Russia and China have been converging for about a decade. As I wrote four years back (and others have written more recently) their partnership is akin to an informal alliance, with deep diplomatic cooperation, joint exercises & patrols, and reported military-to-military interoperability in some arenas. Russia’s moving key divisions from the Chinese border to the Ukrainian theater indicates a possible non-aggression pact between the Eurasian giants. China (along with India and the UAE) also abstained in a UN Security Council vote on a resolution that “deplored” the Russian invasion. On the eve of the recent Olympics, Moscow and Beijing issued a lengthy joint statement that showcased their entente.
Fears had been expressed about China taking advantage of the Ukraine crisis and America’s resultant distraction to raise tensions with Taiwan. There is absolutely no sign of such a provocation however. Of course, some will argue that by abstaining, China has already sided with the aggressor. But international politics is rarely static, and the Chinese position appears to be evolving.

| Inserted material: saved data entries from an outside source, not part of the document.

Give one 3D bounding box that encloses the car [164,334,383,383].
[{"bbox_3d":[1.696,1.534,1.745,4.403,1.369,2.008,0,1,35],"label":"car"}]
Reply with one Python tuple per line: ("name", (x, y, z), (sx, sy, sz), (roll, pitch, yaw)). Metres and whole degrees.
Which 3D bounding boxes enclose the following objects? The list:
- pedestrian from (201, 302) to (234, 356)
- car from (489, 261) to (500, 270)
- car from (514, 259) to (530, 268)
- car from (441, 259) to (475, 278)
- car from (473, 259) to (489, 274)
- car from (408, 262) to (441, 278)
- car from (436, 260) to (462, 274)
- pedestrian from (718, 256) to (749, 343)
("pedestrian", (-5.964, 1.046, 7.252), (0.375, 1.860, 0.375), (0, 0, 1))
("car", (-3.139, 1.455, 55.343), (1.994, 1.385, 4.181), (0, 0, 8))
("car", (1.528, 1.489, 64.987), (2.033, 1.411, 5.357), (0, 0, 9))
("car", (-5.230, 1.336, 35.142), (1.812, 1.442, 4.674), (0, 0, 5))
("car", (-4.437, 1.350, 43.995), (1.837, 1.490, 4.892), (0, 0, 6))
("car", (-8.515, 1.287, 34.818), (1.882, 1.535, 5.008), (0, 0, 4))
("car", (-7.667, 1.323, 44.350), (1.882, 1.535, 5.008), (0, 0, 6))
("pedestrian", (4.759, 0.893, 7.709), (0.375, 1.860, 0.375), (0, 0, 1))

Beijing is unlikely to dump its special relationship with Moscow. It is after all built on deeper structural imperatives of countering what both see as undemocratic U.S. global dominance and what the United States sees as a relentless march of authoritarian power. But China is, in many ways, the senior partner in the entente with Russia. This gives Beijing some leverage.
However, Beijing is unlikely to exercise this leverage through moral appeals or self-righteous lectures from the United States and its European allies. Morality has rarely been the prime driver of foreign policies of autocratic states. But this is also true for most democratic ones, as America’s own horrific abuses during the “global war on terror” and other interventions have shown. Coercive strategies to get China to align on Ukraine also have their limits. The United States will find it difficult to confront Russia and China at the same time if Beijing reacts badly to a punitive approach.

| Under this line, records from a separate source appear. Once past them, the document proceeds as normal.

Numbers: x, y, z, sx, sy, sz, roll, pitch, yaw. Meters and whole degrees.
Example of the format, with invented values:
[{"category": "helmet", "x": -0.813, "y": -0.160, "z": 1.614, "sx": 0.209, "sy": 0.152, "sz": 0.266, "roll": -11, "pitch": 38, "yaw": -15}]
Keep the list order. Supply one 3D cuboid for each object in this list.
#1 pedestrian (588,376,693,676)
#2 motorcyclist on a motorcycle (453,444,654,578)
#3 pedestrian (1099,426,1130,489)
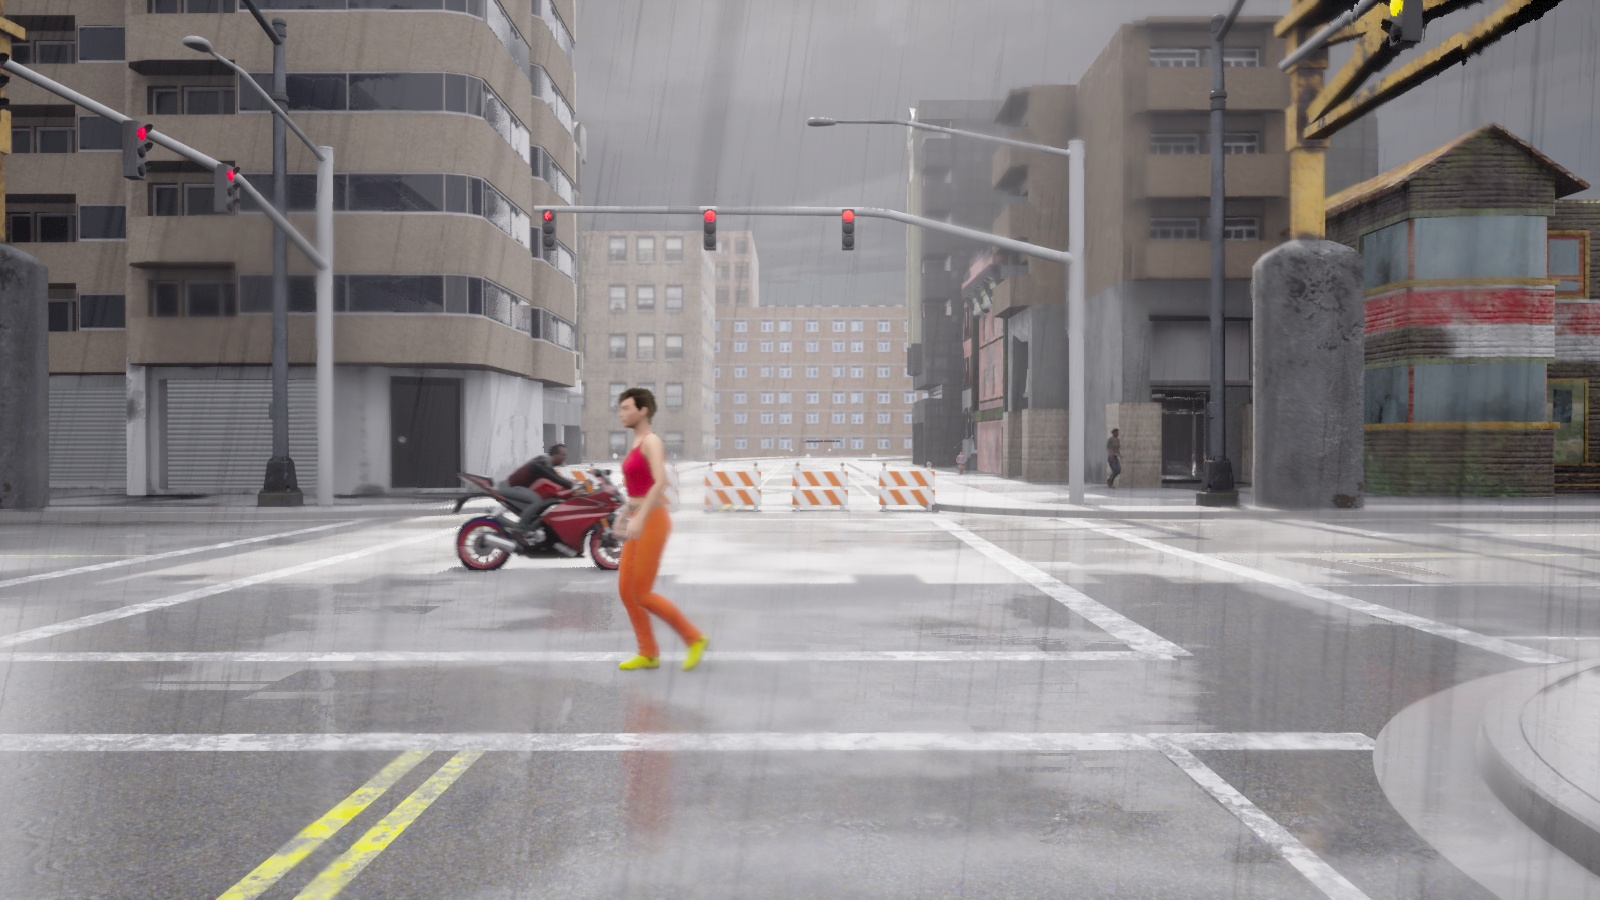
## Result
[{"category": "pedestrian", "x": -1.013, "y": 0.462, "z": 7.957, "sx": 0.594, "sy": 1.836, "sz": 0.345, "roll": 0, "pitch": 0, "yaw": -22}, {"category": "motorcyclist on a motorcycle", "x": -2.859, "y": 0.696, "z": 14.744, "sx": 2.191, "sy": 1.530, "sz": 0.866, "roll": 0, "pitch": 0, "yaw": 0}, {"category": "pedestrian", "x": 9.116, "y": 0.213, "z": 36.405, "sx": 0.328, "sy": 1.805, "sz": 0.869, "roll": 0, "pitch": 0, "yaw": -36}]

For Beijing to step in as a constructive player, Washington must think in terms of interests. This ought to include some common-sense steps such as stopping the serious erosion of the One-China principle in U.S. policy. Washington could also explore whether Chinese military provocations and U.S. FONOPs in Asia could both be brought down in their frequency and intensity. In return, China could exert pressure on Moscow to limit or start rolling back its invasion, and help in shaping some off-ramps to what is an extremely dangerous situation in Europe.

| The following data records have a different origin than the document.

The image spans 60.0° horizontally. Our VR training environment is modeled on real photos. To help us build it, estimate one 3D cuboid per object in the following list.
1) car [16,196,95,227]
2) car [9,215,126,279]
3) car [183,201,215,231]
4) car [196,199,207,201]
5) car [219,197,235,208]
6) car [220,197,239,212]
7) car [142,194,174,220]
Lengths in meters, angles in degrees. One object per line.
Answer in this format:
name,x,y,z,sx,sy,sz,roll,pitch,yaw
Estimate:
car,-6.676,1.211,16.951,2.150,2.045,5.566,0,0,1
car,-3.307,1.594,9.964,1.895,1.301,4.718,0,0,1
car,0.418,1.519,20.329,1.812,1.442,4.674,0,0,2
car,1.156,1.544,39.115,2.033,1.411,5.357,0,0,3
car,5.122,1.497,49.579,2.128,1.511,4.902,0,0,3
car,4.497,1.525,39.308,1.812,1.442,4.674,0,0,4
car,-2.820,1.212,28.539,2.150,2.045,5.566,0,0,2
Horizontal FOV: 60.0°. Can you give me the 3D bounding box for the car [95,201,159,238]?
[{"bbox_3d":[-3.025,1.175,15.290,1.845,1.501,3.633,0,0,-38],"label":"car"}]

But the truly low-hanging fruit for cooperation is climate change. The United States has talked a good game on the “existential threat” — Biden’s own words — confronting the planet. Yet, the Administration has shown less than the needed enthusiasm for cooperation with what is the world’s biggest polluter and simultaneously among its green energy leaders. The joint statement with China during the climate conference in Glasgow last year was not terribly ambitious. China does not figure in the Quad’s (U.S.-Australia-Japan-India grouping that has been formed to counter China) plan to include climate change as one of its activities. And President Biden explicitly mentioned climate only twice, briefly, during Tuesday night’s 2022 State of the Union speech. Despite Secretary John Kerry’s efforts, containment seems to have trumped climate action at every turn.
Asia and the Pacific region have many climate vulnerable countries that would benefit if the U.S. and China came up with joint initiatives in areas such as adaptation, resilient infrastructure, and climate security, not to mention enabling greater clean energy financing through working with the multilateral Chinese-led Asian Infrastructure Investment Bank. There’s so much to do if there is the will.
But if Washington’s primary lens is a new crusade to contain Eurasian autocracies (incidentally, by partnering or attempting to partner with more than a few less powerful autocracies), then an opportunity to relax tensions between the world’s two most powerful states would have been lost, and the risks of great power war will only multiply.